- Kamenets Location within Bulgaria
- Coordinates: 43°20′24″N 25°00′14″E﻿ / ﻿43.3399°N 25.0038°E
- Country: Bulgaria
- Province: Pleven Province
- Municipality: Pordim
- Elevation: 117 m (384 ft)
- Time zone: UTC+2 (EET)
- • Summer (DST): UTC+3 (EEST)

= Kamenets, Pleven Province =

Kamenets (Каменец) is a village in Pleven Province of Northern Bulgaria.

As of 2021, the population stood at 320 residents, with an almost even amount of males and females at 161 males and 159 females.

The village's main streets are paved and illuminated, with water and electricity systems in place, and is connected to neighboring villages by both bus and rail. Mobile network coverage is available to all major operators. The village also features a small airport with one runway: 9/27. The airport is currently inactive and requires prior permission for flight planning. The airport also doe not publish METAR, with the nearest weather station located at Dolna Mitropoliya Air Base which is located roughly 450km (279 miles) away.

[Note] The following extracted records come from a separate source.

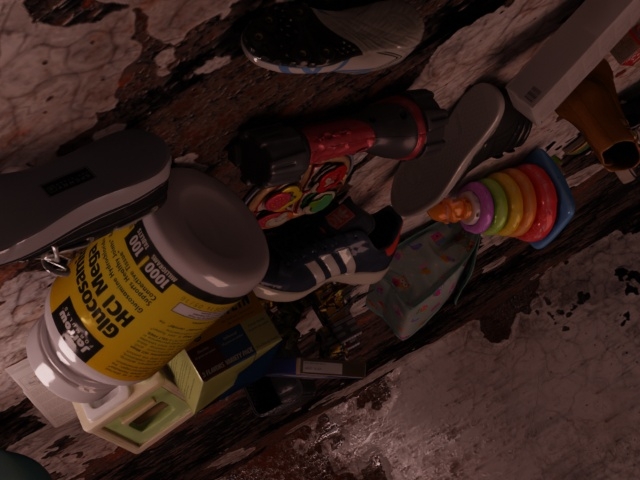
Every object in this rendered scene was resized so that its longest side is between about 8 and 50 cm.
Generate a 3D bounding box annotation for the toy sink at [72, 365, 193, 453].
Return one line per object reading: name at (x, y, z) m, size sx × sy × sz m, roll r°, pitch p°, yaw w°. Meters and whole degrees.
toy sink at (-0.318, 0.237, 1.562) m, size 0.153 × 0.131 × 0.234 m, roll -35°, pitch 146°, yaw 1°

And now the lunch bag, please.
lunch bag at (0.240, 0.067, 2.078) m, size 0.262 × 0.160 × 0.223 m, roll -37°, pitch 162°, yaw -18°

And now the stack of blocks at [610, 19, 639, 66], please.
stack of blocks at (0.593, -0.370, 1.564) m, size 0.297 × 0.087 × 0.171 m, roll -10°, pitch 153°, yaw -48°

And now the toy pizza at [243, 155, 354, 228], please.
toy pizza at (-0.032, -0.070, 1.462) m, size 0.201 × 0.032 × 0.201 m, roll -28°, pitch 162°, yaw -10°

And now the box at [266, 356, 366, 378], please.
box at (-0.026, 0.247, 1.835) m, size 0.136 × 0.036 × 0.225 m, roll 7°, pitch 168°, yaw -25°

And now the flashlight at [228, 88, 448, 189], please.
flashlight at (0.035, -0.133, 1.281) m, size 0.304 × 0.103 × 0.103 m, roll -18°, pitch 160°, yaw -37°

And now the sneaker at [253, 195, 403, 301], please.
sneaker at (0.000, 0.000, 1.588) m, size 0.350 × 0.131 × 0.148 m, roll -10°, pitch 137°, yaw -45°

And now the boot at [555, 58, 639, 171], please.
boot at (0.469, -0.207, 1.602) m, size 0.104 × 0.211 × 0.295 m, roll -39°, pitch 161°, yaw 28°

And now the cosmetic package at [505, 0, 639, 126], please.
cosmetic package at (0.380, -0.286, 1.414) m, size 0.239 × 0.060 × 0.099 m, roll -47°, pitch 159°, yaw 5°

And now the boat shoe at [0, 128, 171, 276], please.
boat shoe at (-0.300, -0.022, 1.026) m, size 0.306 × 0.113 × 0.105 m, roll -31°, pitch 150°, yaw -31°

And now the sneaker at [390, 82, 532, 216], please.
sneaker at (0.242, -0.141, 1.588) m, size 0.147 × 0.104 × 0.296 m, roll -6°, pitch 146°, yaw -43°

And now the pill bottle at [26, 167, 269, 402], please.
pill bottle at (-0.238, 0.072, 1.254) m, size 0.334 × 0.188 × 0.188 m, roll -41°, pitch 160°, yaw 28°

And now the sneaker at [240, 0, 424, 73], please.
sneaker at (0.012, -0.215, 1.059) m, size 0.237 × 0.085 × 0.086 m, roll -14°, pitch 163°, yaw -35°

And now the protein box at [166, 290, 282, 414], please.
protein box at (-0.179, 0.128, 1.469) m, size 0.136 × 0.201 × 0.200 m, roll -27°, pitch 164°, yaw -21°

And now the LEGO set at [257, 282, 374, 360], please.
LEGO set at (-0.036, 0.157, 1.807) m, size 0.255 × 0.192 × 0.331 m, roll -25°, pitch 161°, yaw -18°

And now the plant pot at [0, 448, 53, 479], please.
plant pot at (-0.620, 0.452, 1.598) m, size 0.272 × 0.271 × 0.255 m, roll -30°, pitch 147°, yaw -1°

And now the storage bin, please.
storage bin at (-0.103, 0.270, 2.016) m, size 0.122 × 0.180 × 0.084 m, roll -30°, pitch 164°, yaw 14°

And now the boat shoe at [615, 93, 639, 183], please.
boat shoe at (0.681, -0.222, 2.039) m, size 0.158 × 0.127 × 0.340 m, roll -29°, pitch 163°, yaw 19°

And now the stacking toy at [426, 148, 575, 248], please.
stacking toy at (0.337, -0.069, 1.912) m, size 0.302 × 0.175 × 0.166 m, roll -7°, pitch 150°, yaw -28°

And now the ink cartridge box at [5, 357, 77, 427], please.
ink cartridge box at (-0.414, 0.212, 1.616) m, size 0.181 × 0.056 × 0.224 m, roll -28°, pitch 144°, yaw -10°

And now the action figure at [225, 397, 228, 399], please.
action figure at (-0.252, 0.273, 1.869) m, size 0.164 × 0.141 × 0.276 m, roll -27°, pitch 168°, yaw 29°

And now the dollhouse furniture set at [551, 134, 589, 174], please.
dollhouse furniture set at (0.544, -0.165, 2.091) m, size 0.152 × 0.058 × 0.076 m, roll -39°, pitch 161°, yaw 26°

Local amenities include a town hall, post office, community center with a choir, kindergarten, store, and restaurant. Health services are offered by a general practitioner and a dentist. Education requires travel to the neighboring village of Odarne, while the nearest hospital is situated in Pleven. Many women in the village are employed at a private apparel workshop.

==Landmarks==
In Pleven, about 30 km (18.6 miles) away, visitors can find three sites listed among Bulgaria's 100 Tourist Sites: the Pleven Panorama, the Regional History Museum, and the Mausoleum-Chapel of St. George Pobedonosets. Nearby attractions also include Kaylaka Park and the Wine Museum.

The village church, constructed approximately 130 years ago, was fully renovated in 2009. The surrounding area has revealed thirteen mounds, some of which contain Thracian tombs and funerary urns. An ancient Thracian tombstone uncovered in 1908 is now displayed at the Archaeological Museum in Sofia.